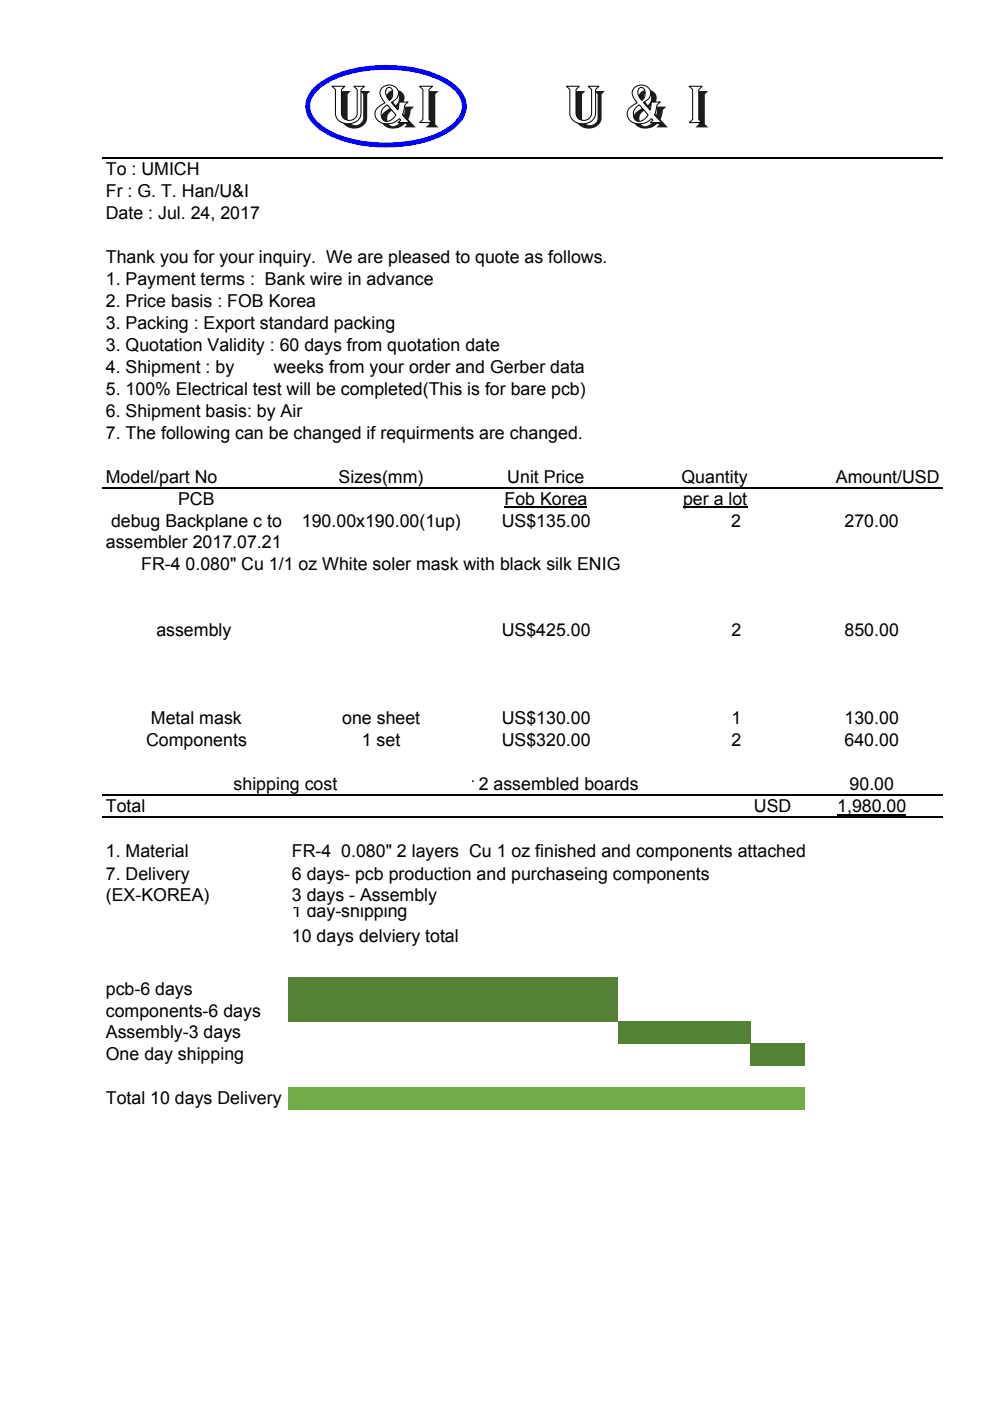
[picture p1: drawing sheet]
<svg xmlns="http://www.w3.org/2000/svg" width="210mm" height="297mm" viewBox="0 0 210 297" stroke-linecap="round" stroke-linejoin="round" font-family="sans-serif">
<defs><g id="words">
<g font-size="3.8">
<text x="22.4" y="37.1">To : UMICH</text>
<text x="22.4" y="41.8">Fr : G. T. Han/U&amp;I</text>
<text x="22.4" y="46.4">Date : Jul. 24, 2017</text>
<text x="22.4" y="55.8">Thank you for your inquiry. We are pleased to quote as follows.</text>
<text x="22.4" y="60.4">1. Payment terms : Bank wire in advance</text>
<text x="22.4" y="65.1">2. Price basis : FOB Korea</text>
<text x="22.4" y="69.7">3. Packing : Export standard packing</text>
<text x="22.4" y="74.4">3. Quotation Validity : 60 days from quotation date</text>
<text x="22.4" y="79">4. Shipment : by</text>
<text x="22.4" y="83.7">5. 100% Electrical test will be completed(This is for bare pcb)</text>
<text x="58" y="79">weeks from your order and Gerber data</text>
<text x="22.4" y="88.4">6. Shipment basis: by Air</text>
<text x="22.4" y="93">7. The following can be changed if requirments are changed.</text>
<text x="22.4" y="102.3">Model/part No</text>
<text x="37.8" y="107">PCB</text>
<text x="71.8" y="102.3">Sizes(mm)</text>
<text x="107" y="107">Fob Korea</text>
<text x="107.6" y="102.3">Unit Price</text>
<text x="144.5" y="102.3">Quantity</text>
<text x="144.8" y="107">per a lot</text>
<text x="177.2" y="102.3">Amount/USD</text>
<text x="23.5" y="111.6">debug Backplane c to</text>
<text x="64" y="111.6">190.00x190.00(1up)</text>
<text x="106.4" y="111.6">US$135.00</text>
<text x="155.1" y="111.6">2</text>
<text x="179.1" y="111.6">270.00</text>
<text x="22.4" y="116.3">assembler 2017.07.21</text>
<text x="29.9" y="120.9">FR-4 0.080&quot; Cu 1/1 oz White soler mask with black silk ENIG</text>
<text x="33.1" y="134.9">assembly</text>
<text x="106.4" y="134.9">US$425.00</text>
<text x="155.1" y="134.9">2</text>
<text x="179.1" y="134.9">850.00</text>
<text x="32" y="153.5">Metal mask</text>
<text x="72.6" y="153.5">one sheet</text>
<text x="106.4" y="153.5">US$130.00</text>
<text x="155.1" y="153.5">1</text>
<text x="179.1" y="153.5">130.00</text>
<text x="31" y="158.2">Components</text>
<text x="76.7" y="158.2">1 set</text>
<text x="106.4" y="158.2">US$320.00</text>
<text x="155.1" y="158.2">2</text>
<text x="179.1" y="158.2">640.00</text>
<text x="49.5" y="167.5">shipping cost</text>
<text x="96.1" y="167.5">for 2 assembled boards</text>
<text x="180.1" y="167.5">90.00</text>
<text x="22.4" y="172.2">Total</text>
<text x="159.9" y="172.2">USD</text>
<text x="177.5" y="172.2">1,980.00</text>
<text x="22.4" y="181.7">1. Material</text>
<text x="61.9" y="181.7">FR-4 0.080&quot; 2 layers Cu 1 oz finished and components attached</text>
<text x="22.4" y="186.5">7. Delivery</text>
<text x="22.4" y="191.1">(EX-KOREA)</text>
<text x="61.9" y="186.5">6 days- pcb production and purchaseing components</text>
<text x="61.9" y="191.1">3 days - Assembly</text>
<text x="61.9" y="194.4">1 day-shipping</text>
<text x="61.9" y="199.7">10 days delviery total</text>
<text x="22.4" y="210.9">pcb-6 days</text>
<text x="22.4" y="215.5">components-6 days</text>
<text x="22.4" y="220.2">Assembly-3 days</text>
<text x="22.4" y="224.8">One day shipping</text>
<text x="22.4" y="234.1">Total 10 days Delivery</text>
</g>
</g></defs>
<g fill="#548235">
<path d="M61.2 207.3h69.9v9.3h-69.9z"/>
<path d="M131.1 216.6h28.1v4.7h-28.1z"/>
<path d="M159.1 221.2h11.6v4.7h-11.6z"/>
</g>
<path d="M61.2 230.5h109.5v4.7h-109.5z" fill="#70ad47"/>
<path d="M107 107.5h17.5M144.8 107.5h13.6M177.5 172.7h14.6" fill="none" stroke="#000" stroke-width=".3"/>
<path d="M21.7 33.5h178.2M21.7 103.4h178.2M21.7 168.6h178.2M21.7 173.2h178.2" fill="none" stroke="#000" stroke-width=".34"/>
<path d="M66.5 18.6a20.8 20.8 0 0 1 12.8-4.7 26.6 26.6 0 0 1 16.6 3.6 6.3 6.3 0 0 1 3 5.5 8 8 0 0 1-5.1 5.8 29.9 29.9 0 0 1-19.3 1.6 16.6 16.6 0 0 1-8.3-4.3 5.2 5.2 0 0 1 .3-7.5zM67.3 19.3a4.3 4.3 0 0 0 .3 6.7 20.3 20.3 0 0 0 12.6 4.2 26.2 26.2 0 0 0 14.2-2.9 5.8 5.8 0 0 0 3.5-5.1 6.3 6.3 0 0 0-3.5-4.5 27.3 27.3 0 0 0-17.4-2.5 18 18 0 0 0-9.7 4.1z" fill="#00f"/>
<path d="M136.2 23.7a1.81 1.81 0 0 0 .3 3 2.31 2.31 0 0 0 2.2-1.3l-1.9-2.2zM82.8 23.7a1.81 1.81 0 0 0 .3 3 2.22 2.22 0 0 0 2.1-1.3l-1.8-2.2zM136.8 19.7a1.96 1.96 0 0 0 .5 2.6 1.78 1.78 0 0 0 .2-2.7zM83.4 19.7a1.98 1.98 0 0 0 .5 2.6 1.78 1.78 0 0 0 .1-2.7zM147.4 19.3h2.8l-.8 .7v6.3l.8 .7h-2.8l.8-.7v-6.3zM121.4 19.3h2.7a1.43 1.43 0 0 0-.7 1.4v3.6a1.73 1.73 0 0 0 1.7 2.2 1.73 1.73 0 0 0 1.6-2.2v-3.6a1.42 1.42 0 0 0-.7-1.4h2.3a1.43 1.43 0 0 0-.8 1.4v3.6a2.78 2.78 0 0 1-1.5 2.7 2.78 2.78 0 0 1-3.1-.4l-.5-.5a5.6 5.6 0 0 1-.3-3.3v-2.1a1.41 1.41 0 0 0-.7-1.4zM90.3 19.3h2.7a1.43 1.43 0 0 0-.7 1.5v4.7a1.5 1.5 0 0 0 .7 1.5h-2.7l.7-.7v-6.3zM71.7 19.3h2.7a1.41 1.41 0 0 0-.7 1.4v3.6a1.73 1.73 0 0 0 1.7 2.2 1.73 1.73 0 0 0 1.6-2.2v-3.6a1.35 1.35 0 0 0-.7-1.4h2.2a1.42 1.42 0 0 0-.6 1.4v3.6a2.78 2.78 0 0 1-1.6 2.7 2.78 2.78 0 0 1-3.1-.4l-.5-.5a5.7 5.7 0 0 1-.3-3.3v-2.1a1.35 1.35 0 0 0-.7-1.4zM135.8 19.6a1.88 1.88 0 0 1 2.7-.3 1.88 1.88 0 0 1 .3 2.6l-1.1 .8 1.5 1.6 .1-1.7h2a2.5 2.5 0 0 0-1 2l-.3 .7 1.6 1.7h-2.4l.5-.5-.3-.3a3.4 3.4 0 0 1-4.6 .3 2 2 0 0 1 .7-3.2l.9-.5a2.27 2.27 0 0 1-.6-3.2zM82.4 19.6a1.88 1.88 0 0 1 2.6-.3 1.88 1.88 0 0 1 .3 2.6l-1.1 .8 1.4 1.6 .3-1.7h1.9l-.2 .2a1.98 1.98 0 0 0-.7 1.5l-.3 1 1.5 1.7h-2.4l.5-.5-.2-.3a3.4 3.4 0 0 1-4.7 .3 2.01 2.01 0 0 1 .7-3.2l.9-.5a2.69 2.69 0 0 1-.9-2.7z" fill-rule="evenodd" fill="#1c1c1c"/>
<path d="M134.9 22.7a1.81 1.81 0 0 0 .4 3 2.25 2.25 0 0 0 2.1-1.4l-1.8-2.1zM81.4 22.7a1.81 1.81 0 0 0 .4 3 2.25 2.25 0 0 0 2.1-1.4l-1.8-2.1zM135.6 18.7a1.91 1.91 0 0 0 .5 2.6 1.75 1.75 0 0 0 .1-2.7zM82.1 18.7a1.99 1.99 0 0 0 .4 2.6 1.78 1.78 0 0 0 .2-2.7zM146.1 18.3h2.8l-.7 .7v5.5a1.45 1.45 0 0 0 .7 1.5h-2.7a1.45 1.45 0 0 0 .7-1.5v-4.7a1.45 1.45 0 0 0-.8-1.5zM120.1 18.3h2.7a1.86 1.86 0 0 0-.7 2.1v2.9a1.73 1.73 0 0 0 1.7 2.2 1.73 1.73 0 0 0 1.6-2.2v-4.3l-.7-.7h2.3a1.86 1.86 0 0 0-.7 2.1v2.9a2.76 2.76 0 0 1-1.3 2.6 2.76 2.76 0 0 1-3 0l-.9-.8a5.7 5.7 0 0 1-.3-3.3v-2.1a1.43 1.43 0 0 0-.7-1.4zM88.9 18.3h2.8l-.7 .7v5.5a1.45 1.45 0 0 0 .7 1.5h-2.7a1.45 1.45 0 0 0 .7-1.5v-4.7a1.45 1.45 0 0 0-.8-1.5zM70.4 18.3h2.7l-.7 .7v4.3a1.75 1.75 0 0 0 1.7 2.2 1.75 1.75 0 0 0 1.6-2.2v-4.3l-.7-.7h2.3l-.8 .7v4.3a2.69 2.69 0 0 1-3.9 2.7 2.32 2.32 0 0 1-1.5-2.7v-4.3zM134.6 18.5a1.92 1.92 0 0 1 2.5-.2 1.92 1.92 0 0 1 .6 2.4l-1.3 1 1.4 1.6 .2-1.7h2a2.4 2.4 0 0 0-1 2l-.2 .7 1.5 1.7h-2.4l.5-.6-.3-.3a3.3 3.3 0 0 1-4.8 .1 1.94 1.94 0 0 1 .9-2.9l.9-.5a2.87 2.87 0 0 1-.9-2.7zM81.1 18.5a1.91 1.91 0 0 1 2.5-.2 1.91 1.91 0 0 1 .6 2.4l-1.2 1 1.4 1.6 .2-1.7h1.9a2.4 2.4 0 0 0-.9 2l-.3 .7 1.5 1.7h-2.4l.6-.6-.3-.3a3.3 3.3 0 0 1-4.9 .1 1.96 1.96 0 0 1 .9-2.9l.9-.5a2.87 2.87 0 0 1-.9-2.7z" fill-rule="evenodd" fill="#fff"/>
<path d="M70.4 18.3h2.7l-.7 .7v4.3a1.75 1.75 0 0 0 1.7 2.2 1.75 1.75 0 0 0 1.6-2.2v-4.3l-.7-.7h2.3l-.8 .7v4.3a2.69 2.69 0 0 1-3.9 2.7 2.32 2.32 0 0 1-1.5-2.7v-4.3zM81.1 18.5a1.91 1.91 0 0 1 2.5-.2 1.91 1.91 0 0 1 .6 2.4l-1.2 1 1.4 1.6 .2-1.7h1.9a2.4 2.4 0 0 0-.9 2l-.3 .7 1.5 1.7h-2.4l.6-.6-.3-.3a3.3 3.3 0 0 1-4.9 .1 1.96 1.96 0 0 1 .9-2.9l.9-.5a2.87 2.87 0 0 1-.9-2.7zM82.1 18.7a.82 .82 0 0 1 .9 .1 .82 .82 0 0 1 .3 .9l-.2 .9-.6 .7a2.09 2.09 0 0 1-.4-2.6zM88.9 18.3h2.8l-.7 .7v5.5a1.45 1.45 0 0 0 .7 1.5h-2.7a1.45 1.45 0 0 0 .7-1.5v-4.7a1.45 1.45 0 0 0-.8-1.5zM120.1 18.3h2.7a1.86 1.86 0 0 0-.7 2.1v2.9a1.73 1.73 0 0 0 1.7 2.2 1.73 1.73 0 0 0 1.6-2.2v-4.3l-.7-.7h2.3a1.86 1.86 0 0 0-.7 2.1v2.9a2.76 2.76 0 0 1-1.3 2.6 2.76 2.76 0 0 1-3 0l-.9-.8a5.7 5.7 0 0 1-.3-3.3v-2.1a1.43 1.43 0 0 0-.7-1.4zM134.6 18.5a1.92 1.92 0 0 1 2.5-.2 1.92 1.92 0 0 1 .6 2.4l-1.3 1 1.4 1.6 .2-1.7h2a2.4 2.4 0 0 0-1 2l-.2 .7 1.5 1.7h-2.4l.5-.6-.3-.3a3.3 3.3 0 0 1-4.8 .1 1.94 1.94 0 0 1 .9-2.9l.9-.5a2.87 2.87 0 0 1-.9-2.7zM135.6 18.7a.83 .83 0 0 1 .9 .1 .83 .83 0 0 1 .3 .9l-.1 .9-.6 .7a2 2 0 0 1-.5-2.6zM146.1 18.3h2.8l-.7 .7v5.5a1.45 1.45 0 0 0 .7 1.5h-2.7a1.45 1.45 0 0 0 .7-1.5v-4.7a1.45 1.45 0 0 0-.8-1.5zM81.4 22.7l.7-.5 1.8 2.1a1.99 1.99 0 0 1-2.6 1.2 2.01 2.01 0 0 1 .1-2.8zM134.9 22.7l.7-.5 1.8 2.1a1.98 1.98 0 0 1-2.6 1.2 1.99 1.99 0 0 1 .1-2.8z" fill="none" stroke="#000" stroke-width=".21"/>
<use href="#words"/>
</svg>

----------------------------------------

**Work required:** In the records above, how many lines include "font"? Answer with the number alone.

**Worked solution:** 2